___ Data for processing ___

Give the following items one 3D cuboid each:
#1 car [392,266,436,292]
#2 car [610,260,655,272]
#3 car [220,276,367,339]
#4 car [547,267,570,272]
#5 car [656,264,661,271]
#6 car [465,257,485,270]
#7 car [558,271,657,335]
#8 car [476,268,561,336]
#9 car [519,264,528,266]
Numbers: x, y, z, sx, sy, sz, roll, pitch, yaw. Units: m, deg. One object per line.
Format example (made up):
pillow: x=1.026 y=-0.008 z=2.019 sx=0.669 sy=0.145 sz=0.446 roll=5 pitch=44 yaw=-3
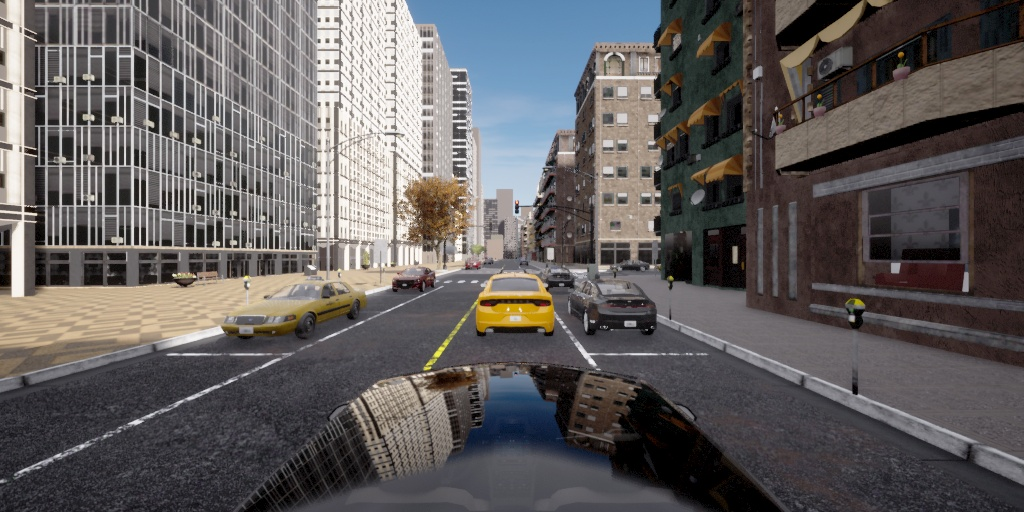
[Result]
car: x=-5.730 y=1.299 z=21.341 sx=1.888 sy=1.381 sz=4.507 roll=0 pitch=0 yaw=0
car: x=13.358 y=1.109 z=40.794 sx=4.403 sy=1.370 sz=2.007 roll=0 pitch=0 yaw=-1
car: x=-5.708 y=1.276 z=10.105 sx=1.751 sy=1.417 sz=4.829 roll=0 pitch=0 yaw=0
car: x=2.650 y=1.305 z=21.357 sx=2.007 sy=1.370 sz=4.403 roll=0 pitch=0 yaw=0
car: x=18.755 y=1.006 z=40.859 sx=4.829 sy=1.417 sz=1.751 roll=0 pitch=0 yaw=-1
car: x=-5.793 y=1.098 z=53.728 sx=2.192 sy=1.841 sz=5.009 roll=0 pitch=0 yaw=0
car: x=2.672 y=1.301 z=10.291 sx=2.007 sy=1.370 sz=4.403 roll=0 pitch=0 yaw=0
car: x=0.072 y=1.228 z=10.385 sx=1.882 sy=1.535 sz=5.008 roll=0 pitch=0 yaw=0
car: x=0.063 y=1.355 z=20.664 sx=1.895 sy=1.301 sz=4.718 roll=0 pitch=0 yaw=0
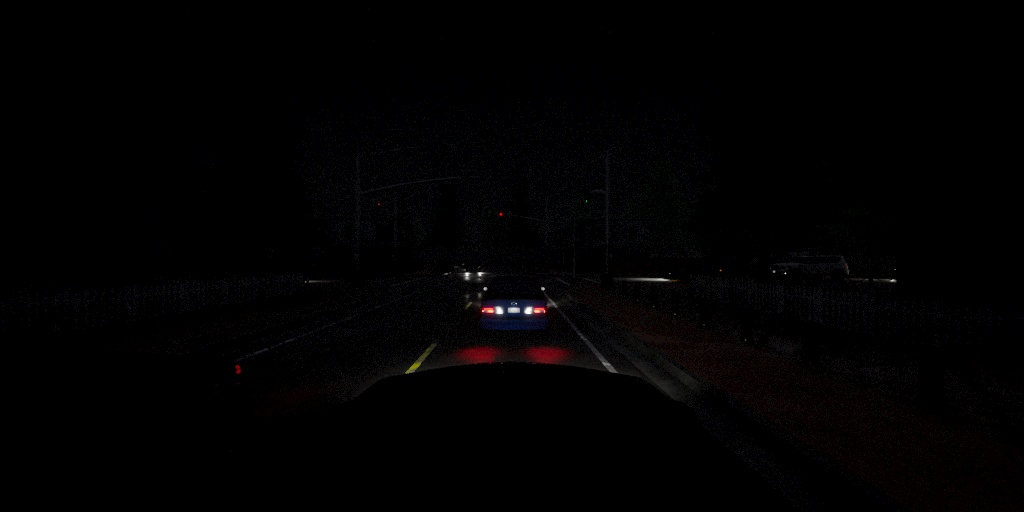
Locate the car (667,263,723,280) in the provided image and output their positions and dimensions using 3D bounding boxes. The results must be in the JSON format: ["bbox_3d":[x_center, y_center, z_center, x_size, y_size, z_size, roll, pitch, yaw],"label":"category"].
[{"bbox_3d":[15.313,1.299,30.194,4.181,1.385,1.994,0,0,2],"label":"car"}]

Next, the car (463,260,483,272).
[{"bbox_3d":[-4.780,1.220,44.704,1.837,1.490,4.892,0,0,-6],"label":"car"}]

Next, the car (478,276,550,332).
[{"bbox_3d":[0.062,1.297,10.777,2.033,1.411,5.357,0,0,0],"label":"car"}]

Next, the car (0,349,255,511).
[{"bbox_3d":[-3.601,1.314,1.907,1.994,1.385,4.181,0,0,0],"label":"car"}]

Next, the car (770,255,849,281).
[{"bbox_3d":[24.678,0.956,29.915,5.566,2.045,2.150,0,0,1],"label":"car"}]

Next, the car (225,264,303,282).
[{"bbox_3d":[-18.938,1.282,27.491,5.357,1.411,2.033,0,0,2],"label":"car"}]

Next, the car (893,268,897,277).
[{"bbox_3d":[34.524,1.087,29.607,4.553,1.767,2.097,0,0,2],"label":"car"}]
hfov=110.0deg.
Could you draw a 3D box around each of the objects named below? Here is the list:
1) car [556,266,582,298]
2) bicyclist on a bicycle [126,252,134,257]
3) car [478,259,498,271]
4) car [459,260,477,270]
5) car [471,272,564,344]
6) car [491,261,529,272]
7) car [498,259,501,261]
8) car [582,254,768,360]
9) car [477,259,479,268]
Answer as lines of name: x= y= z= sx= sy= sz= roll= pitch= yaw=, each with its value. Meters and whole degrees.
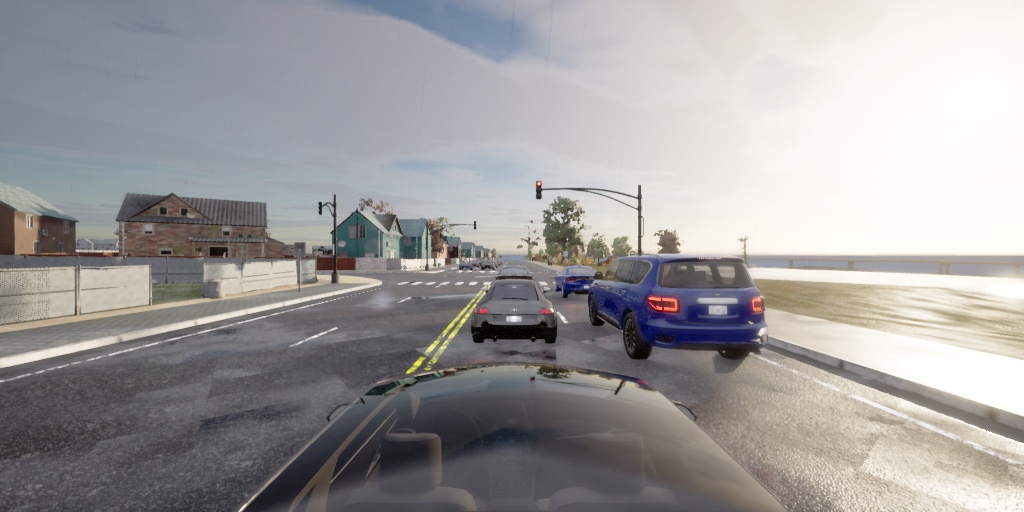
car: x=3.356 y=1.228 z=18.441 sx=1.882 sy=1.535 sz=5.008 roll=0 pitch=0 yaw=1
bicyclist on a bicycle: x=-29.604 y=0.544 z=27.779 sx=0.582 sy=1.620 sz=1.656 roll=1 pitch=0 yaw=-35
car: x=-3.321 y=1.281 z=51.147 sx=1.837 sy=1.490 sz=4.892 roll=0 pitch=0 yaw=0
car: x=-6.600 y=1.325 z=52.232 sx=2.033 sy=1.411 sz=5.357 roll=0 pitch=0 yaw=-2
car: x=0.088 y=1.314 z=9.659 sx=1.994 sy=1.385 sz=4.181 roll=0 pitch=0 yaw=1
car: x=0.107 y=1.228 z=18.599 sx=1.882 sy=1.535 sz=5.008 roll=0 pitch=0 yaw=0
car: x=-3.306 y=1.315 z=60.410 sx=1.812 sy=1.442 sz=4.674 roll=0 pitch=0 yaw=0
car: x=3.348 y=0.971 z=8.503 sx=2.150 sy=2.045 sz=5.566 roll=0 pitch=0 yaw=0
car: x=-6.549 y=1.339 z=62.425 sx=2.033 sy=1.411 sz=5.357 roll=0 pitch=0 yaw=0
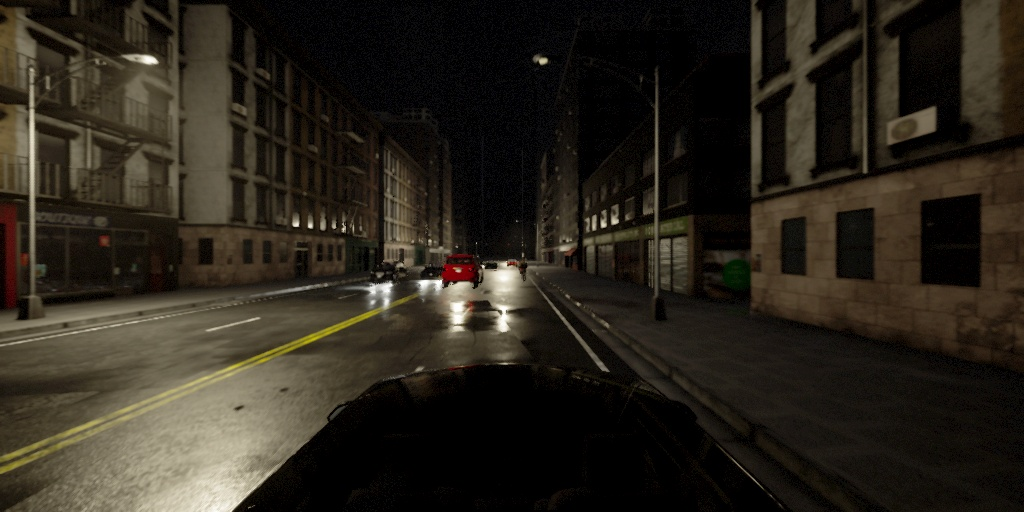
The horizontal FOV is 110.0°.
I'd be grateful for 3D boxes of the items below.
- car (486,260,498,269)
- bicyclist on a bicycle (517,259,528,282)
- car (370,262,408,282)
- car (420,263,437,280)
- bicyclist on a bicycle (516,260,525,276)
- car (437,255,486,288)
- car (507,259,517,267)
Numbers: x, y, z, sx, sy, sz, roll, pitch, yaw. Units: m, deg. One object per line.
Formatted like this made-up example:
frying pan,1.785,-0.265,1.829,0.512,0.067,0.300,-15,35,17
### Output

___

What is being asked
Reproduce every line of the listing above in which the string "items" appears.

Problem solution
Give the following items one 3D cuboid each:
I'd be grateful for 3D boxes of the items below.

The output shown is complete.